• The task: Nothing outside the lines below from the one containing "Quick one: 3D" through the one containing "And now the metal" is to be printed; print those exactly, ends included, and drop the pictures.

::: Given data

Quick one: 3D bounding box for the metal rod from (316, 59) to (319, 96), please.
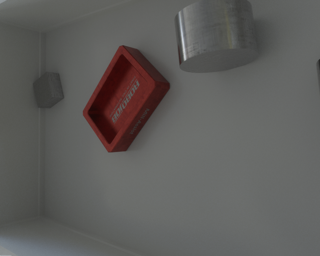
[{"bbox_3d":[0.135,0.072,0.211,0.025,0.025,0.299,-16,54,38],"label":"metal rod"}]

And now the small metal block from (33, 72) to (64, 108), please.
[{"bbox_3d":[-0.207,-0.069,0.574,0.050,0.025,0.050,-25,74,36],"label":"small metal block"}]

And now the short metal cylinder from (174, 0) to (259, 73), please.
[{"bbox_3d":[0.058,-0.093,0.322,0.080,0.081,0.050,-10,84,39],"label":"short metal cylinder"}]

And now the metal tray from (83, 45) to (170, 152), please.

::::::
::: Given data

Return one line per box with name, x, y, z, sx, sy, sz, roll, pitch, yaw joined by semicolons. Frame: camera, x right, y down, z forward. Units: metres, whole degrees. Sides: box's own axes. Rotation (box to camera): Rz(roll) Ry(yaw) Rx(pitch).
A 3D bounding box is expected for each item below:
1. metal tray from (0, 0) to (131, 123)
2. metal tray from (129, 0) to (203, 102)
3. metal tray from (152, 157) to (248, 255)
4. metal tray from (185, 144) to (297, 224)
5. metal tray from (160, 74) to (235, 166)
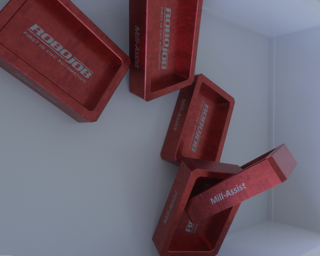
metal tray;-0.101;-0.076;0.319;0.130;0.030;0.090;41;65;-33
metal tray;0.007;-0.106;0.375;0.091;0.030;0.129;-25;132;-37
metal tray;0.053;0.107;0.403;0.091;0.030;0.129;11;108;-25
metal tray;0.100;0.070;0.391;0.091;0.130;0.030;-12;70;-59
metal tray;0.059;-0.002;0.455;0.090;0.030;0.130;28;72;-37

::::::

• Output of the task:
Quick one: 3D bounding box for the metal rod from (316, 59) to (319, 96), please.
[{"bbox_3d":[0.135,0.072,0.211,0.025,0.025,0.299,-16,54,38],"label":"metal rod"}]

And now the small metal block from (33, 72) to (64, 108), please.
[{"bbox_3d":[-0.207,-0.069,0.574,0.050,0.025,0.050,-25,74,36],"label":"small metal block"}]

And now the short metal cylinder from (174, 0) to (259, 73), please.
[{"bbox_3d":[0.058,-0.093,0.322,0.080,0.081,0.050,-10,84,39],"label":"short metal cylinder"}]

And now the metal tray from (83, 45) to (170, 152), please.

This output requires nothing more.